LeetCode 1050: Actors and Directors Who Cooperated At Least Three Times

Problem Restatement

We have a table ActorDirector(actor_id, director_id, timestamp).

We need to return all (actor_id, director_id) pairs where the actor has cooperated with the director at least three times.

Input and Output

Table	Schema
`ActorDirector`	`actor_id INT`, `director_id INT`, `timestamp INT`

Return a table with actor_id and director_id.

Examples

ActorDirector:
+----------+-------------+----------+
| actor_id | director_id | timestamp |
+----------+-------------+----------+
| 1        | 1           | 0        |
| 1        | 1           | 1        |
| 1        | 1           | 2        |
| 1        | 2           | 3        |
| 1        | 2           | 4        |
| 2        | 1           | 5        |
+----------+-------------+----------+

Actor 1 worked with director 1 three times.

Answer:

+----------+-------------+
| actor_id | director_id |
+----------+-------------+
| 1        | 1           |
+----------+-------------+

Key Insight

Group by the (actor_id, director_id) pair and count rows.

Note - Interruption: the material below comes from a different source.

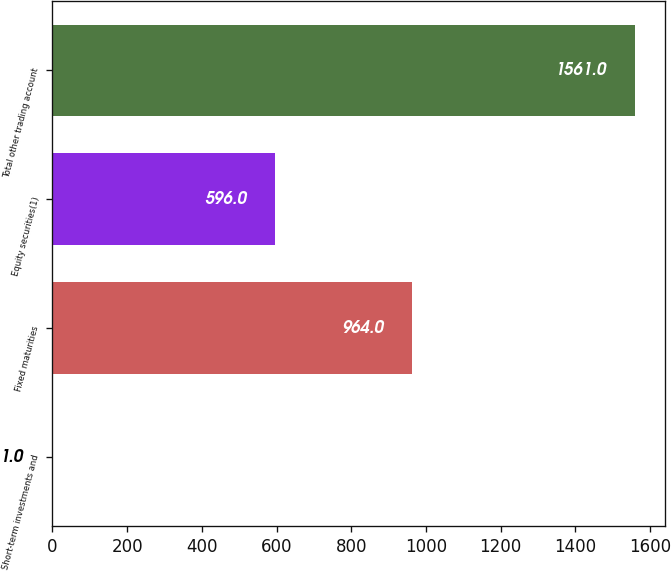<chart> <loc_0><loc_0><loc_500><loc_500><bar_chart><fcel>Short-term investments and<fcel>Fixed maturities<fcel>Equity securities(1)<fcel>Total other trading account<nl><fcel>1<fcel>964<fcel>596<fcel>1561<nl></chart>

Filter where count ≥ 3.

Edge Cases

Match the aggregate to the question: use raw COUNT or SUM for rows/amounts, and COUNT(DISTINCT ...) only for unique entities.
Tie cases should return every qualifying row unless the statement asks for a single row.
For outer joins, keep filters on the joined table in the ON clause when unmatched rows must remain visible.

Common Pitfalls

Do not put aggregate filters in WHERE; use HAVING after GROUP BY.
When the answer needs all tied winners, avoid LIMIT 1 unless the statement explicitly asks for one row.

Implementation

SELECT actor_id, director_id
FROM ActorDirector
GROUP BY actor_id, director_id
HAVING COUNT(*) >= 3;

Code Explanation

GROUP BY actor_id, director_id groups each unique pair.

COUNT(*) counts the number of collaborations.

HAVING COUNT(*) >= 3 keeps only pairs with at least three collaborations.